As the many COVID-19 vaccines under development barrel toward clinical trials for safety and efficacy, questions remain about how they will be distributed when they become available, AIS Health reported.

In a hearing held by a subcommittee of the House Energy & Commerce committee, pharmaceutical executives said they would rely on guidance from the Trump administration and the Centers for Disease Control and Prevention (CDC) to distribute vaccine doses.

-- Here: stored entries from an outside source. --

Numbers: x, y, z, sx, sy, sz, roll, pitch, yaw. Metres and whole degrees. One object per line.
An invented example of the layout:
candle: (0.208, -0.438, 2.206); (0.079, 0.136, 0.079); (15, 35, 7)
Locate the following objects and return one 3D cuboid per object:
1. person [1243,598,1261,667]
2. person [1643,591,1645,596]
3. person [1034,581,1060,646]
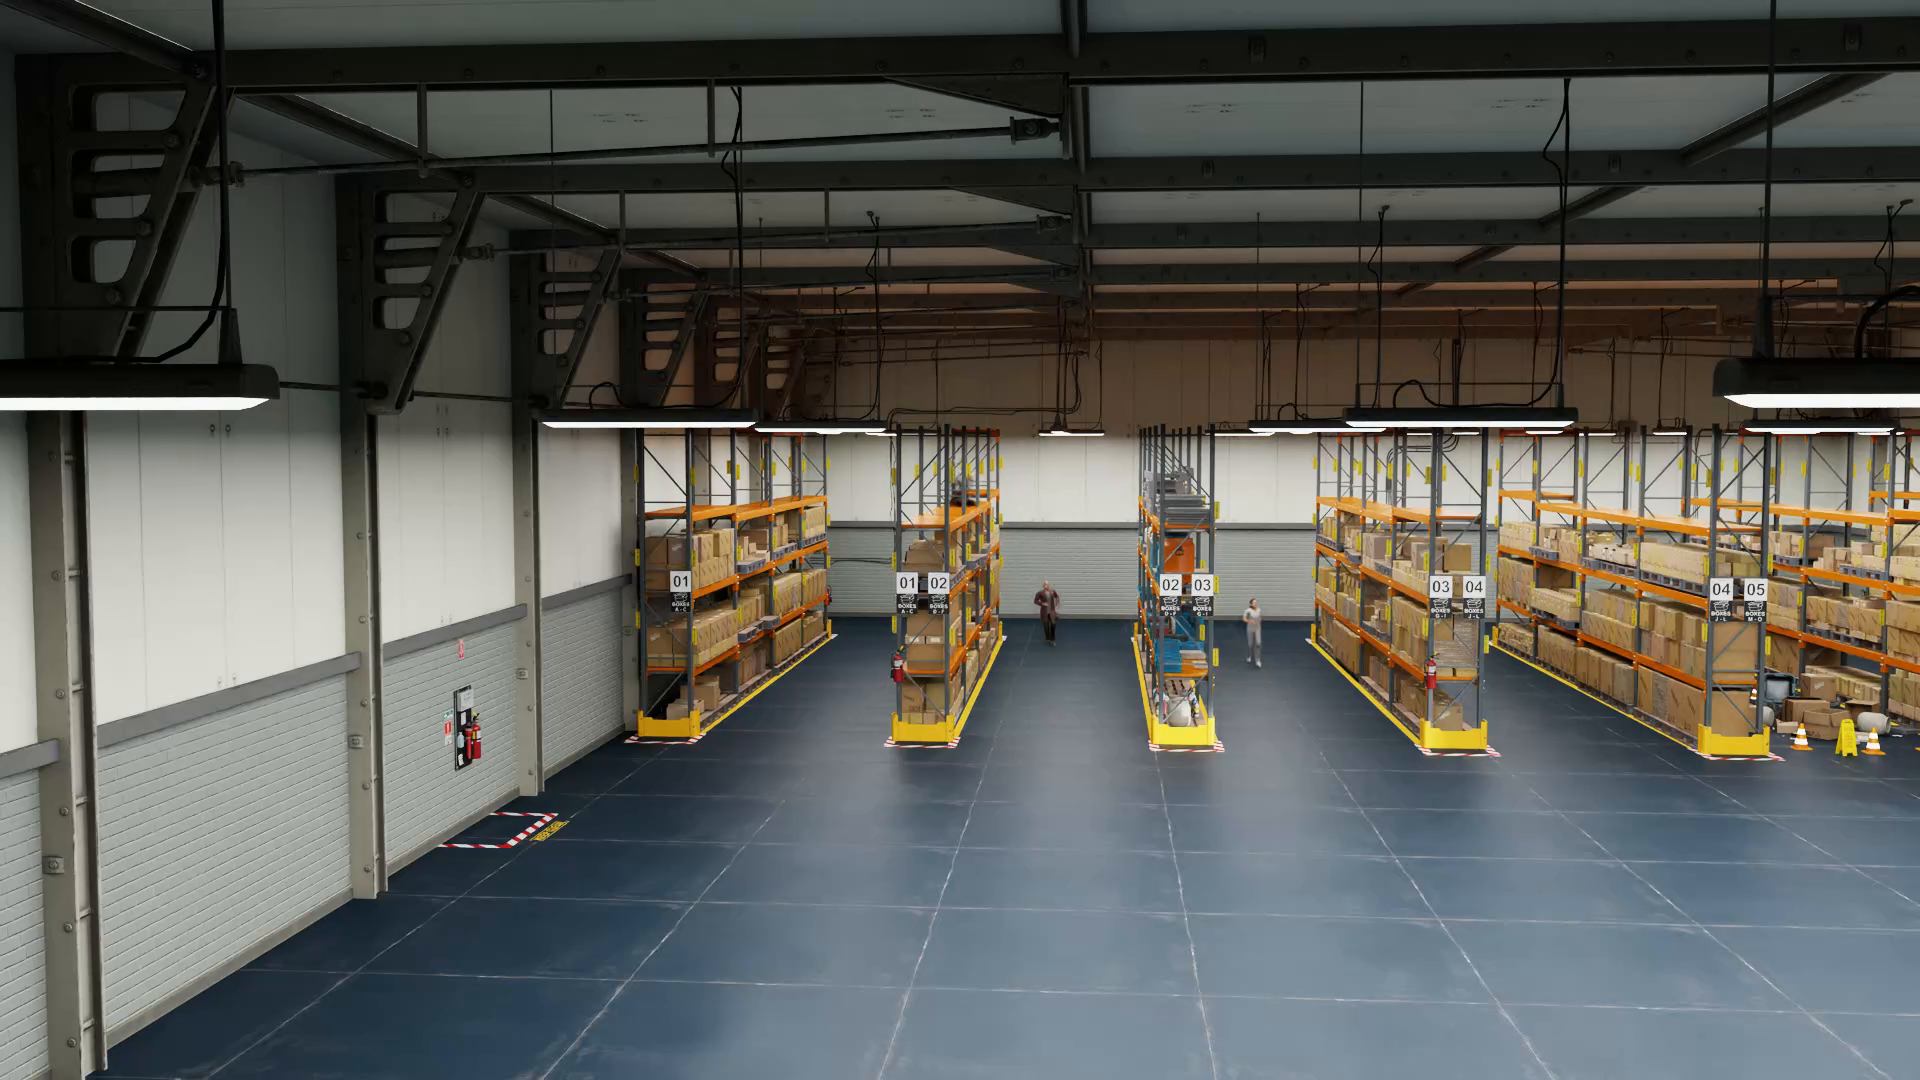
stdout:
person: (7.413, 2.331, 42.153); (0.556, 1.721, 0.775); (0, 4, -7)
person: (19.369, 2.057, 47.248); (0.636, 1.618, 0.645); (1, 4, 13)
person: (2.406, 2.030, 46.146); (0.737, 1.807, 0.690); (0, 4, -8)

Those guidelines will be important to insurers, as vaccine doses aren’t likely to be available to everyone immediately, according to Mike Schneider, a principal at Avalere Health. Though some firms have already begun manufacturing doses of their vaccine in parallel to testing, the immediate availability of hundreds of millions of doses at the time of FDA approval would be unprecedented.

Schneider notes that multiple vaccines may be available at the same time, and one may offer greater protection from COVID-19 than others. Protocols will need to be developed to determine which patients will be first in line for the most effective vaccine. Schneider says that plans need to start thinking about their internal guidelines now.

He adds that PBMs, which often have the most robust data about a patient’s drug regimen and immunization status, will be essential to tracking who has been vaccinated and screened.

Schneider says that plans are unlikely to favor one vaccine over another in their formularies. For example, Prime Therapeutics, a PBM owned by Blue Cross and Blue Shield affiliates, says it is committed to obtaining a supply of COVID-19 vaccine as soon as possible, seemingly regardless of who manufactures it.

A July 20 analysis prepared by health care investment bank SVB Leerink LLC takes a different view of the shape of the initial vaccine market than Schneider’s prediction of scarcity, arguing that the sheer volume of development efforts makes more than one breakout product likely.

In any case, Schneider predicts that the initial rollout will be unusual when compared with other vaccine distribution.

“This won’t just be going to your pharmacy and your pharmacist gives you a vaccine, like the flu vaccine,” Schneider says. He suspects that rollout will involve specialized facilities that combine rapid screening with inoculations at the same site.